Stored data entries
* * *

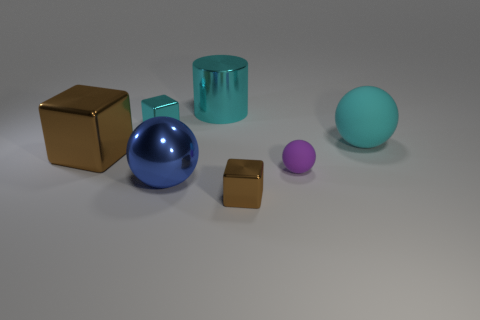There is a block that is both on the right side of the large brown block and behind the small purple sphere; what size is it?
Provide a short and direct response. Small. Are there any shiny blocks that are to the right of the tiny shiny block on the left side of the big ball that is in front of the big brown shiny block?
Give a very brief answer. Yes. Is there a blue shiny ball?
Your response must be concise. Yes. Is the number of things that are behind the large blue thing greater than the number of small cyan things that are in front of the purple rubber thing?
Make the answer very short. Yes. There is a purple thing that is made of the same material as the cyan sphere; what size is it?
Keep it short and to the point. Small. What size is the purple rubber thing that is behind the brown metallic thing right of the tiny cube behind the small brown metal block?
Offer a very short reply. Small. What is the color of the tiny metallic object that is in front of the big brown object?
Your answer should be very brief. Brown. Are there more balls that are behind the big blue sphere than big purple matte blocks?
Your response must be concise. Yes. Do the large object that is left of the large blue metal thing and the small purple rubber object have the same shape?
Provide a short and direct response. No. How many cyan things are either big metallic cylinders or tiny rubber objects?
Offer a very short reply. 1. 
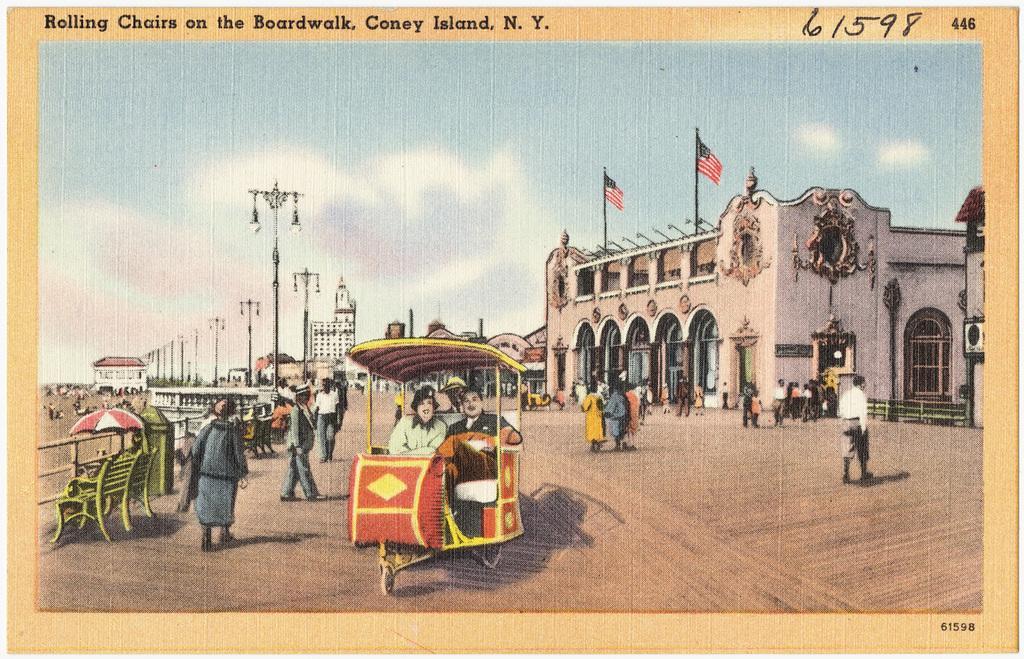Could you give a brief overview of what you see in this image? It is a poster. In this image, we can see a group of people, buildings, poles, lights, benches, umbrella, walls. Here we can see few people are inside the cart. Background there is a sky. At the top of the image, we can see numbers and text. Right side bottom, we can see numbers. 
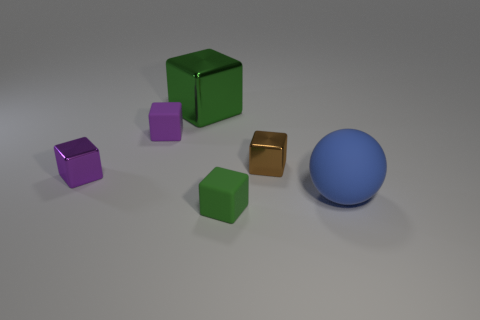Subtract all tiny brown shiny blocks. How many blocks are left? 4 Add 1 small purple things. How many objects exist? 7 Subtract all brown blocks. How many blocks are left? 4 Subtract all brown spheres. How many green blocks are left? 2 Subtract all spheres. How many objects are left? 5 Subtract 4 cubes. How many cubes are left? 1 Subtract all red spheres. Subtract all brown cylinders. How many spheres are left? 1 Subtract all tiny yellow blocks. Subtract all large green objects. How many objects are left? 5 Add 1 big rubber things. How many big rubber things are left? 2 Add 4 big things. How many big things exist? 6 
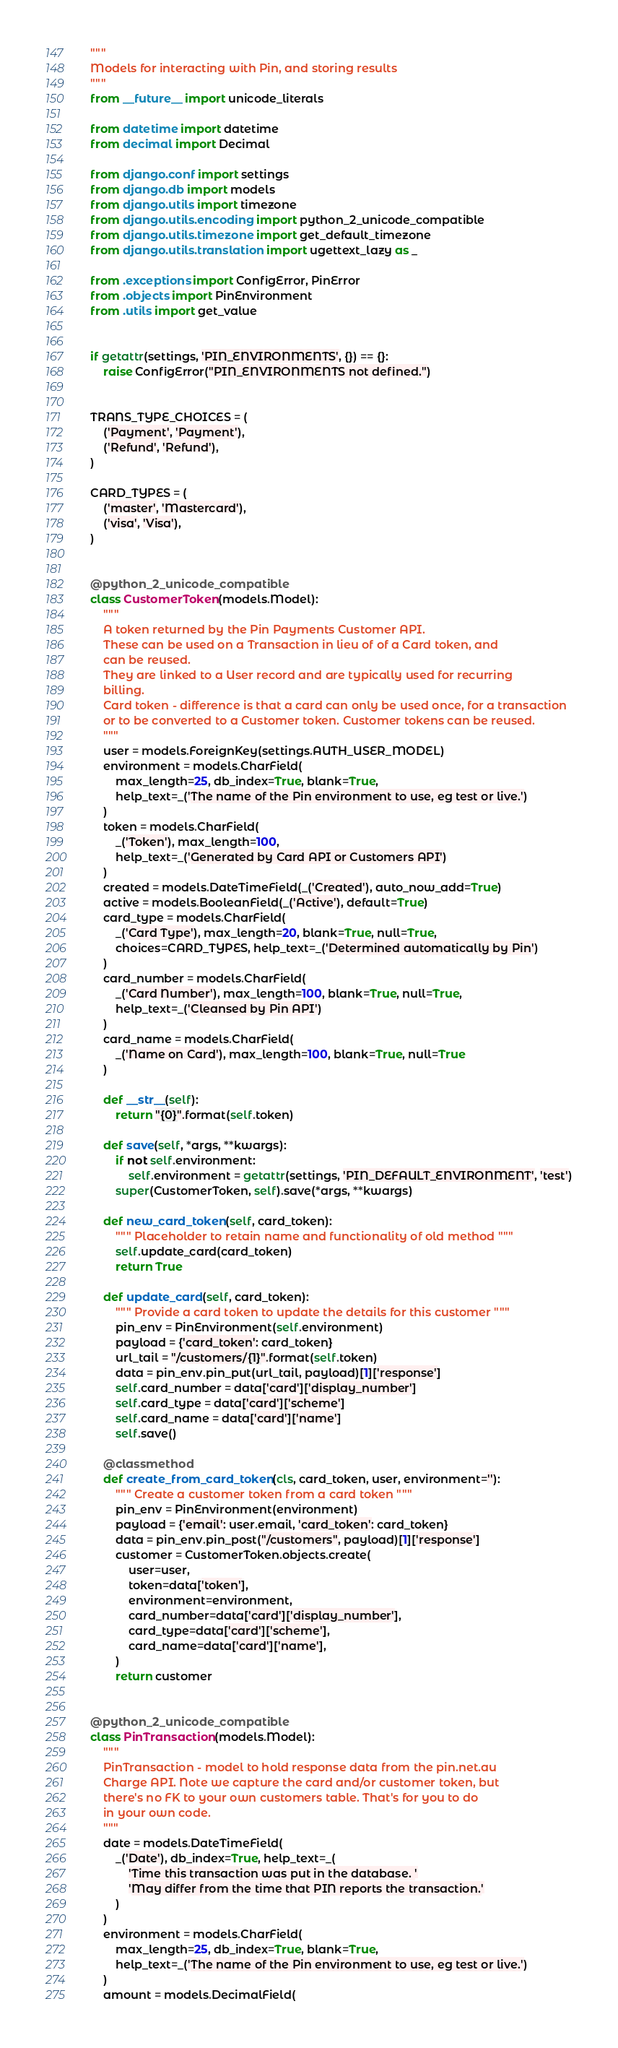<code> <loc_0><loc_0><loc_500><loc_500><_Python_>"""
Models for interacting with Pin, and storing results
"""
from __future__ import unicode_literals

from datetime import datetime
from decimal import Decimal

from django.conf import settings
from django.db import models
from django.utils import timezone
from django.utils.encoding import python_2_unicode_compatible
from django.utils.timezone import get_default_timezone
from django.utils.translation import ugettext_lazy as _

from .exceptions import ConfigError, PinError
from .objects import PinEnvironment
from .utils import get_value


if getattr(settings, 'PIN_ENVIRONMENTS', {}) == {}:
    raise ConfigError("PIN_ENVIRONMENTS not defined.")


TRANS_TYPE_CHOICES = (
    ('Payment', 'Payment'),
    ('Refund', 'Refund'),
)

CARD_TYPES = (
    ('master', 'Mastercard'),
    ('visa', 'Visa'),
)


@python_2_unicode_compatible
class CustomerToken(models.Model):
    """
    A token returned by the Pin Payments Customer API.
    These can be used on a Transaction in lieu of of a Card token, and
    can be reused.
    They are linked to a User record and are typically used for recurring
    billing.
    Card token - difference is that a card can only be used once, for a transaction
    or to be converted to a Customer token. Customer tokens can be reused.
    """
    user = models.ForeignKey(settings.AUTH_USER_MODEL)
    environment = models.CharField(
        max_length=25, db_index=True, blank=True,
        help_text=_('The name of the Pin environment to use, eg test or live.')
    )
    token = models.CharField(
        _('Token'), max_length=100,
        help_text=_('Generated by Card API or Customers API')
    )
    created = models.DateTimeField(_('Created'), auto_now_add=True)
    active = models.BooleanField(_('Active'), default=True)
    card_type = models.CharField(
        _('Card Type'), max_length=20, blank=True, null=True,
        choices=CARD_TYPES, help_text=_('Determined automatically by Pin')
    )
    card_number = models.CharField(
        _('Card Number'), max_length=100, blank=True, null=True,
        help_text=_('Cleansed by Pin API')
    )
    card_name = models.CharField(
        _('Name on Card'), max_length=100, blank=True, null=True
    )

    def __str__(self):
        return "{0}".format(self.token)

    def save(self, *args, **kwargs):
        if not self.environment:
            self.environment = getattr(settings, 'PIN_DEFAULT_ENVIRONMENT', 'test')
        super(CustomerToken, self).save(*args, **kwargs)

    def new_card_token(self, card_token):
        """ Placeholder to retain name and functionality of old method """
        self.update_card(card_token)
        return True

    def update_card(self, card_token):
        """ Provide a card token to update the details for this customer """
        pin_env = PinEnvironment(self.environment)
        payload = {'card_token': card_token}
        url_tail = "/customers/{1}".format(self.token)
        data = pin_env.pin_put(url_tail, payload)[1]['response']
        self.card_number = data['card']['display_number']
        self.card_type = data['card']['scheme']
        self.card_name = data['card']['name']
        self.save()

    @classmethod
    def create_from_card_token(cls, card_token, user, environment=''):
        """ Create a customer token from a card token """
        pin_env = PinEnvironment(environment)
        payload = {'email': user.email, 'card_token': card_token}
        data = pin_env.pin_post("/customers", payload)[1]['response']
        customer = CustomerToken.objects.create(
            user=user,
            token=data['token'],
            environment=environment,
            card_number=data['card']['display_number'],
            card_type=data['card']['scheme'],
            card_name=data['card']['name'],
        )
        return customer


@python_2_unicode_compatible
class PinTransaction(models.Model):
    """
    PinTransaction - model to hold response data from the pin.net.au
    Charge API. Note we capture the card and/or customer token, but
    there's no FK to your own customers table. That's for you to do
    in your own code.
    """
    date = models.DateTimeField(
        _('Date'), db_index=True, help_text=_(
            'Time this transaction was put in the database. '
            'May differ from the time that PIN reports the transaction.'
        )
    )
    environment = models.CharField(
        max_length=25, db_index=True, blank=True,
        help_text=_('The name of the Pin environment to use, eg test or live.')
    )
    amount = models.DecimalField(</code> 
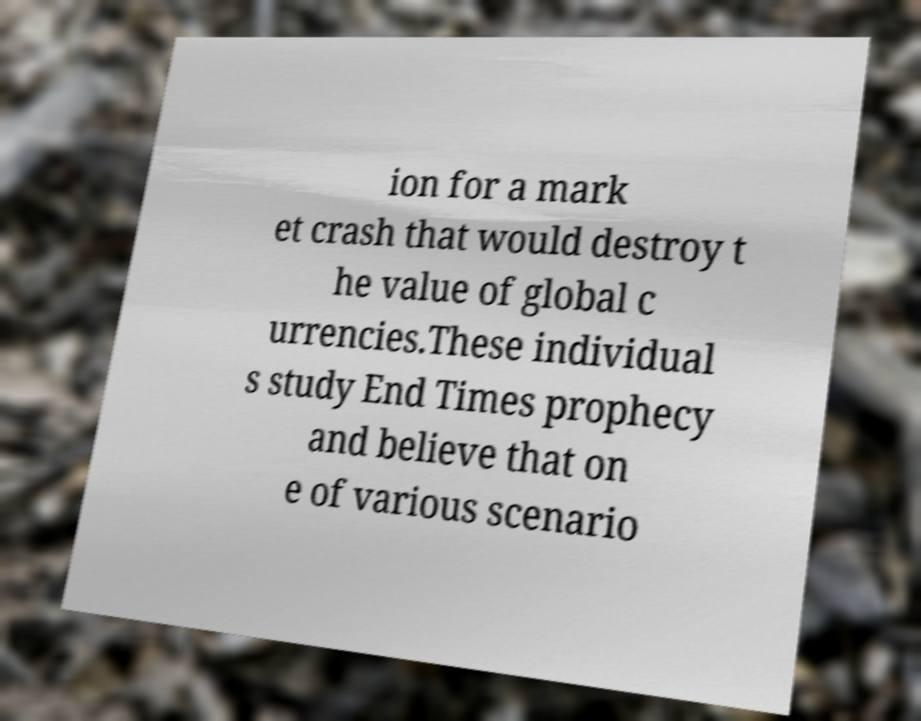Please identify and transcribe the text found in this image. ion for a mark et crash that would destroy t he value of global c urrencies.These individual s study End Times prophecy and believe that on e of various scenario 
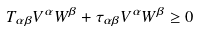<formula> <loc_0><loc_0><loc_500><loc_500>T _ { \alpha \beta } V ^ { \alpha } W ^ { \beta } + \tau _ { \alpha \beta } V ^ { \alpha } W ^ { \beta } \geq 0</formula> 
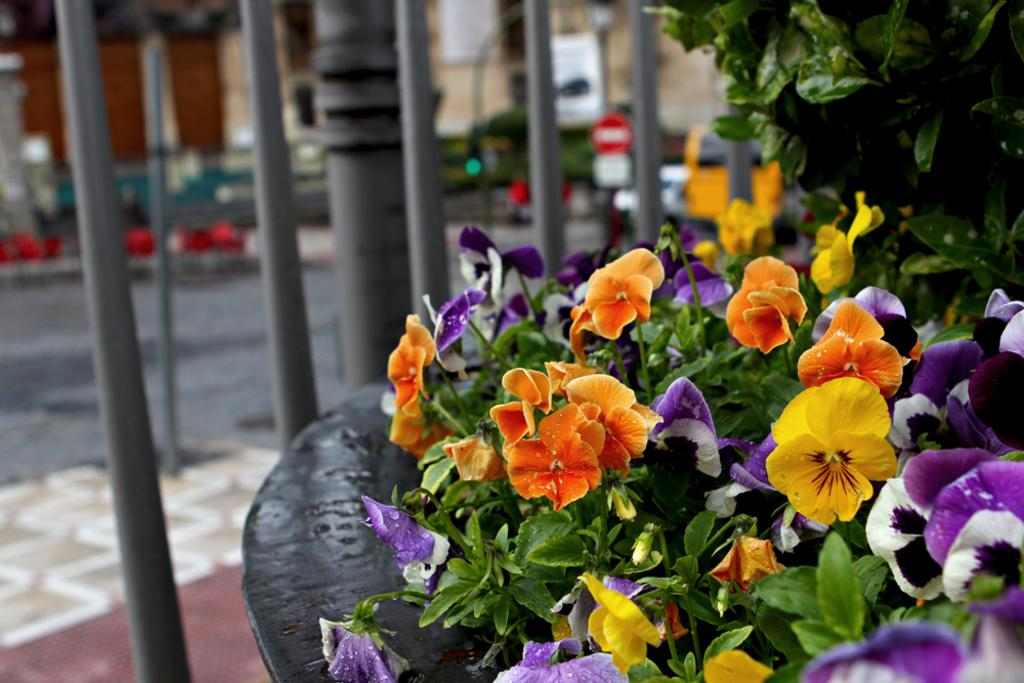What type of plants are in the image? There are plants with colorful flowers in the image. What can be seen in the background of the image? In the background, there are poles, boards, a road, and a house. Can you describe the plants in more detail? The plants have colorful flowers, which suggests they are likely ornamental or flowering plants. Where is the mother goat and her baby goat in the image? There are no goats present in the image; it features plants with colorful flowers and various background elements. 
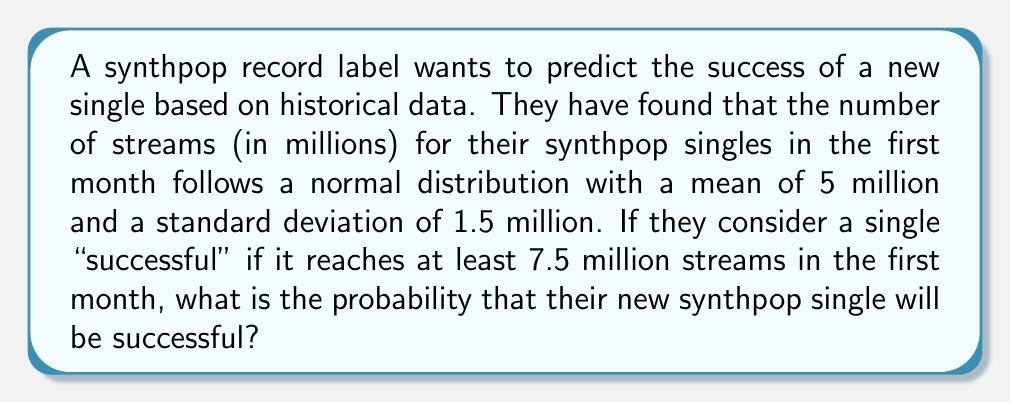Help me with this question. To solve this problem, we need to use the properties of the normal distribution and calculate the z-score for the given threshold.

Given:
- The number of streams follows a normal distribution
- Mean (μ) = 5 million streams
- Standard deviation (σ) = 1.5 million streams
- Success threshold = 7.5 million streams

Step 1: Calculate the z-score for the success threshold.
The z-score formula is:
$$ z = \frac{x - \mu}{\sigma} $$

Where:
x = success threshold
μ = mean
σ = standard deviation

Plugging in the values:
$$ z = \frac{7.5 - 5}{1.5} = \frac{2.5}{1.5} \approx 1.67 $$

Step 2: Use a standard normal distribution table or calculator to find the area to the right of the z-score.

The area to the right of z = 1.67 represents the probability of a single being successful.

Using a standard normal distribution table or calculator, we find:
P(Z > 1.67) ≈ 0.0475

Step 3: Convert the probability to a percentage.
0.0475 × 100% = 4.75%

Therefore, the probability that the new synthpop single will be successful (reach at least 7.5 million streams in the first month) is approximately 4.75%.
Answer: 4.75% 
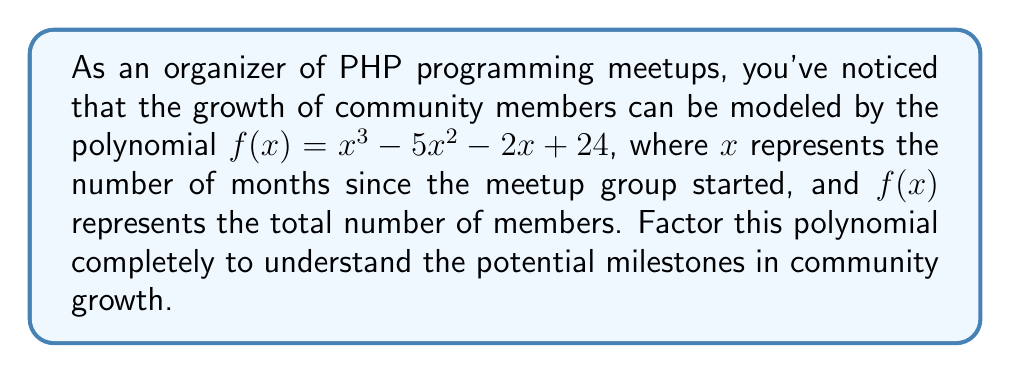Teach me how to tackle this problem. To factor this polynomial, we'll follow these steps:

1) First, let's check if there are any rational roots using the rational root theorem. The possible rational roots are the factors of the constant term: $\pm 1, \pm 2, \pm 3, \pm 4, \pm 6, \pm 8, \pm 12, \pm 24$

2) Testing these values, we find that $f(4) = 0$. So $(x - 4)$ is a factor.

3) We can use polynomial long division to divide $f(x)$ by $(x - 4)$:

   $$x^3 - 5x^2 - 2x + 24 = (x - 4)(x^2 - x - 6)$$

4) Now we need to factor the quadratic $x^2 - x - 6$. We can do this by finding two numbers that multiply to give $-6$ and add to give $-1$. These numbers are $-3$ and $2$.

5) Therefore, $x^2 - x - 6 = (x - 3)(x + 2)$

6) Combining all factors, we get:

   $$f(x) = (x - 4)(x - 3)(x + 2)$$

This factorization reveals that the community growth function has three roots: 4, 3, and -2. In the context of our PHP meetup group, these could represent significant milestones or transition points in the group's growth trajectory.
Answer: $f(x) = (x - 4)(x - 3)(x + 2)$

* * *

● **EXERCISE OBJECTIVE**
Looking back over the data above, restate word for word the lines that begin at the line with "Your response must be concise. Yes. Is" and end at the line with "Keep it short", inclusive.

● **ANSWER TO THIS PROBLEM**
Your response must be concise. Yes. Is the number of things that are behind the large blue thing greater than the number of small cyan things that are in front of the purple rubber thing?
Make the answer very short. Yes. There is a purple thing that is made of the same material as the cyan sphere; what size is it?
Keep it short and to the point. Small. What size is the purple rubber thing that is behind the brown metallic thing right of the tiny cube behind the small brown metal block?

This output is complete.